Tuvar/Arahar/Pegion Pea is the most popular dal of Gujarat, it is the dal we have everyday… The winter cuisine of Gujarat celebrates the arrival of fresh green tuvar beans or tuvar na lilva in the markets. They make their presence in most of the preparations Kadhi, Shaak, Farsaan, or enjoyed the rustic way- boiled with there shells on (my personal favourite) they are just everywhere….We Gujaratis just can’t have enough of this winter bounty….fresh, green and tender tuvar is picked up every morning from our vegetable vendor while for the busier ones we have the shelled tuvar lilva/beans available!!
More than a decade ago I began my journey towards weight loss and weight management, hence resisted eating anything and everything that was deep fried, which also meant I had to do away with many of my most loved farsaan/snack… However, if one is blessed as I am to have caring and compassionate sister-in-law (younger brother’s wife) who ensures I get to enjoy my most loved farsaan there is nothing to be grumpy about dieting then!!! Every time Sarika makes Lilva Ni Kachori during the tuvar lilva season, she rolls out dainty Lilva Ni Vedhmi for me and just dry roasts them on a griddle. They are an absolute must if you love Lilva Kachori but are worried about the deep frying part. Hence, when I began blogging sharing this recipe of her’s was on the bucket list, this season I made sure we make and photograph the Vedhmi. Making Vedhmi or small stuffed paratha is ideal way of enjoying any kachori and if one chooses to dry roast it becomes all the more low calorie snack.
Being intuitive cooks that we are, measuring the ingredients and writing the recipe was one big challenge, but we did manage to complete the task and pen down the recipe…..
The pictures below are of the Kachori if one chooses to have them as a Kachori go ahead and deep fry them or else flatten and roll them in small parathas to have Lilva Ni Vedhmi.
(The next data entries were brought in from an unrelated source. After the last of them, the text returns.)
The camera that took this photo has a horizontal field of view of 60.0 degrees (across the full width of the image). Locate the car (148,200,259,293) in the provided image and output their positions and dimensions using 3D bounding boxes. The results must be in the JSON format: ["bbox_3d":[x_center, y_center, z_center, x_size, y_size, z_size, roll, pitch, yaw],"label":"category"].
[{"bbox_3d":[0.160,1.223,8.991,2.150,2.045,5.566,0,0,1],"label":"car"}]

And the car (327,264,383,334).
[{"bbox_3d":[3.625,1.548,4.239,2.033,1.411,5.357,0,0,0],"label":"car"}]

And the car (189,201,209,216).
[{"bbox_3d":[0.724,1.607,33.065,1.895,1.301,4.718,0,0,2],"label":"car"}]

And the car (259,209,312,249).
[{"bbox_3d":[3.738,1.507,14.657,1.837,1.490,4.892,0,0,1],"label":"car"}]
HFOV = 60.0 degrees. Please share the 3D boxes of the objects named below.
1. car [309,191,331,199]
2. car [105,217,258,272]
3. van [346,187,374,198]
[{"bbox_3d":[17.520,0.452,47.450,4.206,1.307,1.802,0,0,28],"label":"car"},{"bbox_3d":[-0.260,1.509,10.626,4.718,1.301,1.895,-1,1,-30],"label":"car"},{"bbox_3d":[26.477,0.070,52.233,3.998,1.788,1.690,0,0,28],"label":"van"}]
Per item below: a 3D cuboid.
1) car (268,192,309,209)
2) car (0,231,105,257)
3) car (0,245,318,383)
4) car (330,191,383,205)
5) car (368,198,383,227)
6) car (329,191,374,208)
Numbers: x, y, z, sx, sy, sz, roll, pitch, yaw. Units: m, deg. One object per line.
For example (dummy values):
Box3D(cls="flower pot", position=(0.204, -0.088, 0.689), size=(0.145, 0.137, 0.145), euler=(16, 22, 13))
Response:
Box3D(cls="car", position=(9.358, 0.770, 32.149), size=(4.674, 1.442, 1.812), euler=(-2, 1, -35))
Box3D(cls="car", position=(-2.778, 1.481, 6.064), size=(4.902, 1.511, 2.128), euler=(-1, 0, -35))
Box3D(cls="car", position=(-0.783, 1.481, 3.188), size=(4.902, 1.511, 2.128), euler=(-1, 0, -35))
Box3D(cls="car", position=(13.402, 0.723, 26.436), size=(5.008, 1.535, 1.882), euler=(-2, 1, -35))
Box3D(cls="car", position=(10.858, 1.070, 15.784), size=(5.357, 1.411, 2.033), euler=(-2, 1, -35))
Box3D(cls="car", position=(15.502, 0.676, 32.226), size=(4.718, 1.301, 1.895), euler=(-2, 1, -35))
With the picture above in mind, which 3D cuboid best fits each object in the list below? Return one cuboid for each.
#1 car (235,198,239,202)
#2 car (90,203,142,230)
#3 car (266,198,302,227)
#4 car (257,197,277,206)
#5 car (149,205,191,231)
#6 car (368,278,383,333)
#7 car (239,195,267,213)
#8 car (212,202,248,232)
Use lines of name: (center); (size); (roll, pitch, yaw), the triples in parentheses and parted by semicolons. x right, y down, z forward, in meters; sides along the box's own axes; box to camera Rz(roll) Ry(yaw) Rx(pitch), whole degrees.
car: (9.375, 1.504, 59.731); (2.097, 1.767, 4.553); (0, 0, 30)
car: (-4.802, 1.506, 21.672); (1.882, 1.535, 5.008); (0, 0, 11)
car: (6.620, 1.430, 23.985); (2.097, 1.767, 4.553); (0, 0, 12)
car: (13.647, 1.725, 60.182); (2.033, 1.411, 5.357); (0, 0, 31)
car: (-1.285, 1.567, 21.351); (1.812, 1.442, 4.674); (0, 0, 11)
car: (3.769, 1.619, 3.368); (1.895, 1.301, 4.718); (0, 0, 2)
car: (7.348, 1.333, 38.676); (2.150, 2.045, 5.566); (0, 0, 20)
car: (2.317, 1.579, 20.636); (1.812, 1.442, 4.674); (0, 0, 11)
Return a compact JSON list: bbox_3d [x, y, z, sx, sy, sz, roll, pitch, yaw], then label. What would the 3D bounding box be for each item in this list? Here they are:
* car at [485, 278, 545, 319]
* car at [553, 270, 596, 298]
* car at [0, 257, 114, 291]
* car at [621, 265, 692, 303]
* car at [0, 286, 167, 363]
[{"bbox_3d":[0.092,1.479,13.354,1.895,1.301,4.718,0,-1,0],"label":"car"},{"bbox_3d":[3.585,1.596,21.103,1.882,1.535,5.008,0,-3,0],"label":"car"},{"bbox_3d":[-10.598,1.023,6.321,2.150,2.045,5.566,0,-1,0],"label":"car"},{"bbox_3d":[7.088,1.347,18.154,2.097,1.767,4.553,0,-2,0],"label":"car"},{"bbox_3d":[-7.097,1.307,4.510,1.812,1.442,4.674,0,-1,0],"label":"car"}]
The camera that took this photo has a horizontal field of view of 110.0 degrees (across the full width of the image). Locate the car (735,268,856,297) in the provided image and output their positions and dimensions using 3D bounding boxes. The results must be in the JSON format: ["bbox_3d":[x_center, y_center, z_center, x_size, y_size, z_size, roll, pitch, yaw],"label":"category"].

Serve it hot with Khajoor-Imli chutney.
Are you ready for guilt free indulgence……
Tuvar Na Lilva Ni VEDHMI
Ingredients
For crust dough
- 1 cup whole wheat flour/atta
- 3 tablespoons oil
- salt to taste
- water to make semi-stiff dough
For Lilva filling
- 1 + 1/2 cups fresh Tuvar Lilva/green pigeon peas
- 1 small boiled and grated potato
- 1 tablespoon sesame seeds
- 1.5 tablespoons coarsely ground green chilli and ginger
- 2 tablespoons green garlic shoots, very finely chopped
- 4 tablespoons oil
- a pinch of hing/asafoetida
- 1/4 teaspoon rai/mustard seeds
- 1/4 teaspoon jeera
- 1/4 teaspoon haldi/tumeric powder
- 1 tablespoon sugar
- 1 teaspoon lemon juice
- 1/4 teaspoon garam masala powder
- 1/4 cup fresh and finely chopped coriander
- 1/4 cup freshly grated coconut
- 1/4 cup cashews and raisins (chopped fro Vedhmi)
- A spring of curry leaves
- salt to taste
- Oil as preferred
Method
For the Crust dough
- In a mixing bowl bring all the ingredient together except water, rub the oil into the flour gradually add the water to form a semi-stiff dough. A tight dough gives a good crust to the Vedhmi.
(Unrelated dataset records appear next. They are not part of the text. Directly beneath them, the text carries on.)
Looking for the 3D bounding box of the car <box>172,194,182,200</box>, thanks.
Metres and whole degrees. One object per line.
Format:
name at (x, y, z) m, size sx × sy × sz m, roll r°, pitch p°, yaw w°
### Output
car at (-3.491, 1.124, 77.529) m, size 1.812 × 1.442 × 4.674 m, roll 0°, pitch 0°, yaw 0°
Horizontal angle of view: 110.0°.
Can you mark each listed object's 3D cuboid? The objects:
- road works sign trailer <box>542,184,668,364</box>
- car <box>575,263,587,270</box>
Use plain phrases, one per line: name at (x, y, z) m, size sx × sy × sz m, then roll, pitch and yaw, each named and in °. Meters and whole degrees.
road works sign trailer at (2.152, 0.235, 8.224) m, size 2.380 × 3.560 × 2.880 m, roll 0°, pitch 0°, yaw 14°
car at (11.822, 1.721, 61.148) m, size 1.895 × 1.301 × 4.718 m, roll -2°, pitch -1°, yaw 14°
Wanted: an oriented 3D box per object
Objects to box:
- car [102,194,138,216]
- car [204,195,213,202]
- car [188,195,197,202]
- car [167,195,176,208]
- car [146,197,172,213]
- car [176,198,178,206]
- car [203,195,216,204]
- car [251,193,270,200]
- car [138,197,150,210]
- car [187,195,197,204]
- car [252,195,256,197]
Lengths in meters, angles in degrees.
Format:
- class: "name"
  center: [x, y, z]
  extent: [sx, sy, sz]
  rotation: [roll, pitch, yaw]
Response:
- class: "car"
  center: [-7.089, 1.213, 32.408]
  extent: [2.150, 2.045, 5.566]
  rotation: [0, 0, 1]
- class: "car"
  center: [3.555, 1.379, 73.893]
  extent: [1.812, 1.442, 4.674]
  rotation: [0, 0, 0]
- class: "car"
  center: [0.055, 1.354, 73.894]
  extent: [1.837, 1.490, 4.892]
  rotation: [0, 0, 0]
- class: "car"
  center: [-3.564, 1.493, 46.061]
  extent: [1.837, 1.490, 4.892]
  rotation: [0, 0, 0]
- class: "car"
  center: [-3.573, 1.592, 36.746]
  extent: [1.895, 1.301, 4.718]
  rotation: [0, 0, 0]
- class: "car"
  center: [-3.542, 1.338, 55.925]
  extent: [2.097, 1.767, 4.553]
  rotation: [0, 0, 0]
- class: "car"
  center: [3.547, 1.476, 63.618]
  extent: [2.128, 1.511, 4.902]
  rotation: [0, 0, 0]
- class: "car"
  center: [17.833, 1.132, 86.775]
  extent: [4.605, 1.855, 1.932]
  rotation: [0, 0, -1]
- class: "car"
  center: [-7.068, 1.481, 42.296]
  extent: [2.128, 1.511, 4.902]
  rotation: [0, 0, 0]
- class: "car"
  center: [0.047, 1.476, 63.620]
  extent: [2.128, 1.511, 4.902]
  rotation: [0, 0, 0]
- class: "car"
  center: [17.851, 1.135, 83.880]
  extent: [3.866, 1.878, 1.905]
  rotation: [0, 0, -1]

- Let the dough rest for 30 minutes.
- After the rest divide the dough into lemon sized balls.
For the Lilva filling
- In a mixer grinder or chopper coarsely grind the tuvar lilva. Take care not to crush them or make them mushy.
- Heat the kadhai on medium flame.
- Add oil, rai, jeera, asafoetida, curry leaves, sesame seeds. chilli, ginger, garlic, haldi in quick succession. Keep the flame low, taking care not to burn the spices.
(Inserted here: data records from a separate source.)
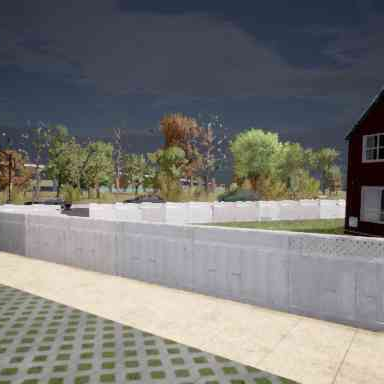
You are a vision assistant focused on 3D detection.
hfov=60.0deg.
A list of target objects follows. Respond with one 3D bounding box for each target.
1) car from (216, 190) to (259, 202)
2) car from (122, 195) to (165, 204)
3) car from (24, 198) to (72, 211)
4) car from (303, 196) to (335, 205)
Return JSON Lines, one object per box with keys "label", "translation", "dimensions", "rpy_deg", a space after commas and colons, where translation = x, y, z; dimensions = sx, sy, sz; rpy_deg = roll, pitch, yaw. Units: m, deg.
{"label": "car", "translation": [5.757, 0.733, 41.545], "dimensions": [5.566, 2.045, 2.150], "rpy_deg": [0, 2, -19]}
{"label": "car", "translation": [-5.480, 1.091, 37.803], "dimensions": [4.892, 1.490, 1.837], "rpy_deg": [0, 2, -19]}
{"label": "car", "translation": [-14.967, 1.259, 34.634], "dimensions": [4.718, 1.301, 1.895], "rpy_deg": [0, 2, -18]}
{"label": "car", "translation": [14.932, 1.176, 37.572], "dimensions": [5.008, 1.535, 1.882], "rpy_deg": [0, 2, -18]}
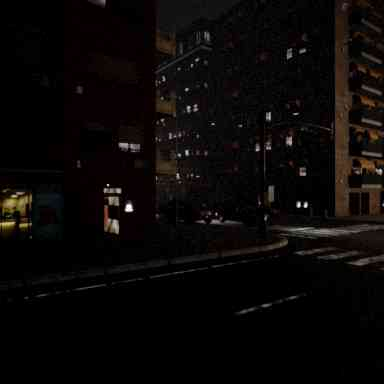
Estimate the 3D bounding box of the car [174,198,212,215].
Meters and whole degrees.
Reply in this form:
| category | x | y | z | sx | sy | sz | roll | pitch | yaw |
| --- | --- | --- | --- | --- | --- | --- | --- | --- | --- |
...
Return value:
| category | x | y | z | sx | sy | sz | roll | pitch | yaw |
| --- | --- | --- | --- | --- | --- | --- | --- | --- | --- |
| car | 0.034 | 1.718 | 41.145 | 2.192 | 1.841 | 5.009 | -1 | 0 | -36 |

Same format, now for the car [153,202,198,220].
| category | x | y | z | sx | sy | sz | roll | pitch | yaw |
| --- | --- | --- | --- | --- | --- | --- | --- | --- | --- |
| car | -1.730 | 1.836 | 33.566 | 2.128 | 1.511 | 4.902 | 0 | -1 | -36 |

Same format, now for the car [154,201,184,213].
| category | x | y | z | sx | sy | sz | roll | pitch | yaw |
| --- | --- | --- | --- | --- | --- | --- | --- | --- | --- |
| car | -3.257 | 2.025 | 45.632 | 2.008 | 1.369 | 4.403 | -1 | 0 | -36 |

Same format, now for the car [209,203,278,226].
| category | x | y | z | sx | sy | sz | roll | pitch | yaw |
| --- | --- | --- | --- | --- | --- | --- | --- | --- | --- |
| car | 3.857 | 1.717 | 25.979 | 2.128 | 1.511 | 4.902 | 0 | -1 | -35 |

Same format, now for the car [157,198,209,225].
| category | x | y | z | sx | sy | sz | roll | pitch | yaw |
| --- | --- | --- | --- | --- | --- | --- | --- | --- | --- |
| car | -0.367 | 1.586 | 27.078 | 2.192 | 1.841 | 5.009 | -1 | 0 | -36 |

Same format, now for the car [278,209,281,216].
| category | x | y | z | sx | sy | sz | roll | pitch | yaw |
| --- | --- | --- | --- | --- | --- | --- | --- | --- | --- |
| car | 6.629 | 1.844 | 32.168 | 1.802 | 1.307 | 4.206 | -1 | 0 | -36 |

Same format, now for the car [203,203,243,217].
| category | x | y | z | sx | sy | sz | roll | pitch | yaw |
| --- | --- | --- | --- | --- | --- | --- | --- | --- | --- |
| car | 3.334 | 1.898 | 36.656 | 1.947 | 1.339 | 4.313 | -1 | 0 | -36 |
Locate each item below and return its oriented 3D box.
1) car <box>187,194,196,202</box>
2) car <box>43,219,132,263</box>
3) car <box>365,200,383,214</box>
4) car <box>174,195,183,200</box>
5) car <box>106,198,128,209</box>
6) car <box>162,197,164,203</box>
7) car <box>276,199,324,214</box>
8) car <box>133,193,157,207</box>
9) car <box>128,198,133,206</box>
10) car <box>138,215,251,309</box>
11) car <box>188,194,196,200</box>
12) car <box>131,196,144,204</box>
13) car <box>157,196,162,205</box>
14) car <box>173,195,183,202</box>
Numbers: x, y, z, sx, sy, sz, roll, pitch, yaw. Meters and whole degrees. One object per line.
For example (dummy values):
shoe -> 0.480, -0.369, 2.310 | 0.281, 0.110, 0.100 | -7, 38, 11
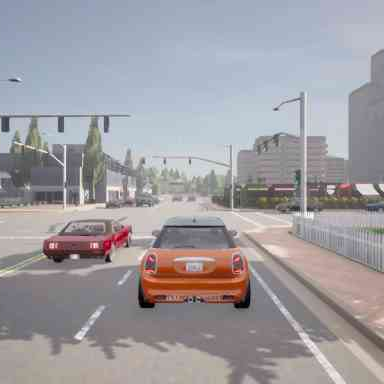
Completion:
car -> -0.051, 1.531, 77.391 | 2.033, 1.411, 5.357 | 0, 0, 0
car -> -3.424, 1.601, 11.949 | 1.895, 1.301, 4.718 | 0, 0, 0
car -> 20.893, 1.478, 34.962 | 5.008, 1.535, 1.882 | 0, 0, -2
car -> -3.557, 1.425, 87.663 | 1.994, 1.385, 4.181 | 0, 0, 0
car -> -10.628, 1.564, 46.287 | 1.994, 1.385, 4.181 | 0, 0, 0
car -> -7.046, 1.524, 70.845 | 1.812, 1.442, 4.674 | 0, 0, 0
car -> 11.249, 1.491, 34.718 | 4.902, 1.511, 2.128 | 0, 0, -2
car -> -7.129, 1.221, 51.114 | 2.150, 2.045, 5.566 | 0, 0, 1
car -> -10.622, 1.601, 55.049 | 1.895, 1.301, 4.718 | 0, 0, 0
car -> 0.059, 1.352, 8.056 | 2.097, 1.767, 4.553 | 0, 0, 0
car -> -0.057, 1.398, 87.667 | 2.128, 1.511, 4.902 | 0, 0, 0
car -> -10.588, 1.564, 64.997 | 1.994, 1.385, 4.181 | 0, 0, 0
car -> -7.111, 1.564, 60.520 | 1.994, 1.385, 4.181 | 0, 0, 0
car -> -3.551, 1.513, 77.708 | 1.812, 1.442, 4.674 | 0, 0, 0
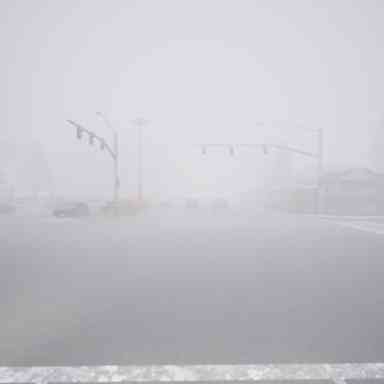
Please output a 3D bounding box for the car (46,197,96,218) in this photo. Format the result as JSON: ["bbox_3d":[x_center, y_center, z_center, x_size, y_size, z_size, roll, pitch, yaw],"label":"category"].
[{"bbox_3d":[-10.656,1.481,29.801,2.033,1.411,5.357,0,0,0],"label":"car"}]

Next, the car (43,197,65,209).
[{"bbox_3d":[-17.676,1.408,43.542,1.837,1.490,4.892,0,0,0],"label":"car"}]

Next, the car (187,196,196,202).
[{"bbox_3d":[-0.118,1.429,69.185,1.895,1.301,4.718,0,0,0],"label":"car"}]

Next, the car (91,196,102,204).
[{"bbox_3d":[-17.671,1.426,60.257,1.994,1.385,4.181,0,0,0],"label":"car"}]

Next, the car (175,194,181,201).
[{"bbox_3d":[-3.645,1.288,76.956,1.882,1.535,5.008,0,0,0],"label":"car"}]

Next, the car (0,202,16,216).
[{"bbox_3d":[-17.655,1.540,29.450,1.895,1.301,4.718,0,0,0],"label":"car"}]

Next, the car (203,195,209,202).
[{"bbox_3d":[3.382,1.390,69.156,1.994,1.385,4.181,0,0,0],"label":"car"}]

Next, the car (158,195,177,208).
[{"bbox_3d":[-3.488,1.490,45.843,1.895,1.301,4.718,0,0,0],"label":"car"}]

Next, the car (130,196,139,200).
[{"bbox_3d":[-10.671,1.454,61.788,1.895,1.301,4.718,0,0,0],"label":"car"}]

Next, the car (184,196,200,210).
[{"bbox_3d":[0.020,1.444,42.013,2.033,1.411,5.357,0,0,0],"label":"car"}]

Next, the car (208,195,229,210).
[{"bbox_3d":[3.519,1.442,42.026,2.033,1.411,5.357,0,0,0],"label":"car"}]

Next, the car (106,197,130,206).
[{"bbox_3d":[-10.681,1.438,47.272,2.033,1.411,5.357,0,0,0],"label":"car"}]

- Add cashews and raisins.
- Add the ground tuvar lilva and salt.
- Cook till done (around 7-10 minutes).
- Add the grated potato.
- Add sugar, lemon juice and garam masala.
- Give it a good mix and remove from fire.
- Allow it to cool.
- Add the coriander leaves and the grated coconut.
- Mix well.
- Once cool form lemon sized balls from the mixture
- You may shape the mix into Kachori or roll Vedhmi as preferred.
- Deep fry the Kachories…
- On a griddle dry roast the Vedhmi or fry them using very llittle oil as one fries stuffed parathas.
- Serve hot with Khajoor-Imli Chutney.